• Task to complete:
How many lines in the records below contain the word "quot"? Answer with the number and nothing else.
Records for processing: Begin
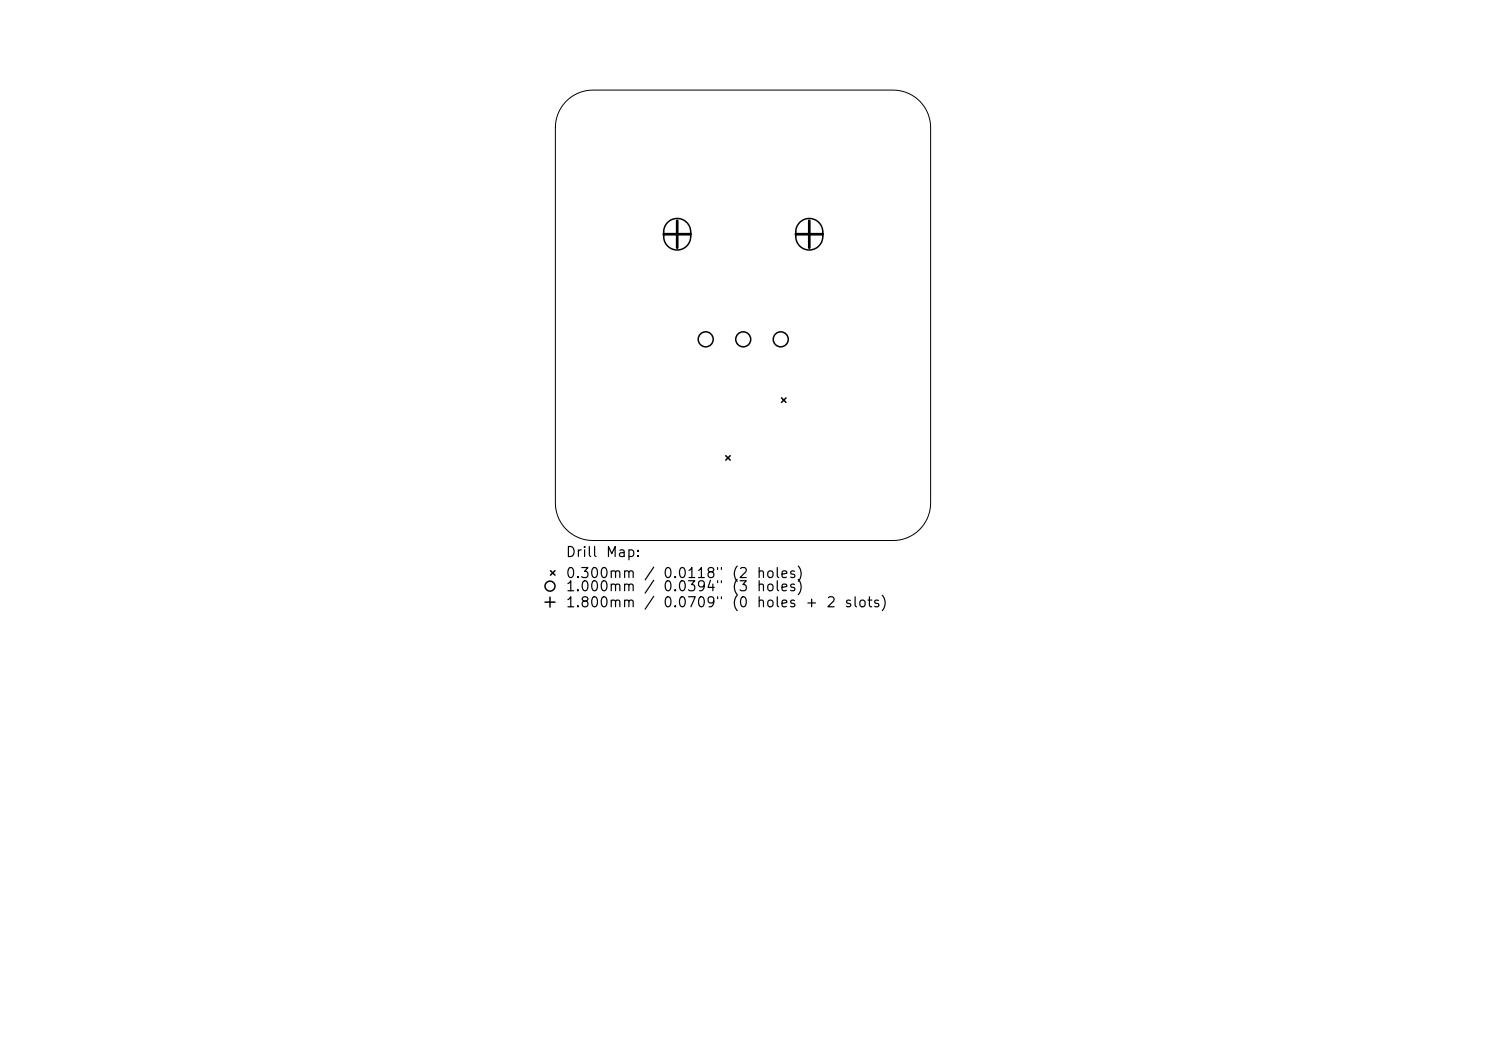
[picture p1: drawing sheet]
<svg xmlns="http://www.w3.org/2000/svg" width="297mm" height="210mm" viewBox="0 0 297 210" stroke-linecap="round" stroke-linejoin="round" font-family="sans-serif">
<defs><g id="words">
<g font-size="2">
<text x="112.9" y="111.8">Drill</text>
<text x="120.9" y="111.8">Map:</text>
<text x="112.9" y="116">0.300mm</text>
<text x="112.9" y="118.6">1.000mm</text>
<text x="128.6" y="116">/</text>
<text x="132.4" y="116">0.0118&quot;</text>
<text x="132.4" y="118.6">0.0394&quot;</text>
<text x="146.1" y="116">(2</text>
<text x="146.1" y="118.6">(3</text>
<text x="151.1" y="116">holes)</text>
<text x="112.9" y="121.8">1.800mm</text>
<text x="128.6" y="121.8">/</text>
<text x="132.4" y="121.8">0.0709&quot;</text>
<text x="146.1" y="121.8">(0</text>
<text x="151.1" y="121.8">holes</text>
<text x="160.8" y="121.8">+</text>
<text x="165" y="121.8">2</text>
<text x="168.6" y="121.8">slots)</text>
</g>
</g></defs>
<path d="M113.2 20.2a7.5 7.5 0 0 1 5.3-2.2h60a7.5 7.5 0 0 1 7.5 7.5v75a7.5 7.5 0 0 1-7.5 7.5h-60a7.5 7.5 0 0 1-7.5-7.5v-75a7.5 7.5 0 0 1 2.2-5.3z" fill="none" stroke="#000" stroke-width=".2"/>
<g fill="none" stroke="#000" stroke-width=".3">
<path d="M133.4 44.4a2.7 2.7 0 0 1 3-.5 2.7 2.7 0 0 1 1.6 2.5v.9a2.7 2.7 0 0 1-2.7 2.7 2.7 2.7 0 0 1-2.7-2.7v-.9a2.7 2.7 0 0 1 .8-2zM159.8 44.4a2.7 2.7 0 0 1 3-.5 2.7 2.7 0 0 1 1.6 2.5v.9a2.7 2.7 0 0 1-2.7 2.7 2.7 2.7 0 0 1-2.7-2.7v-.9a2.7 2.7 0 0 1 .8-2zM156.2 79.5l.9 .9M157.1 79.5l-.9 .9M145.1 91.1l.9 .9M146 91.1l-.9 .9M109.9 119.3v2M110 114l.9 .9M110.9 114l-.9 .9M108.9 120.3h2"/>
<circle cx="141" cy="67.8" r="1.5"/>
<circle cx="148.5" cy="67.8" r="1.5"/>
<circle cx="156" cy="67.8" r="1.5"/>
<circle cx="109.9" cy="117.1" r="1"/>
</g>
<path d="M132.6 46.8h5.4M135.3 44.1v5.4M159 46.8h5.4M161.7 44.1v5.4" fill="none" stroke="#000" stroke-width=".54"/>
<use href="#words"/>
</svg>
Records for processing: End
• Expected answer:
3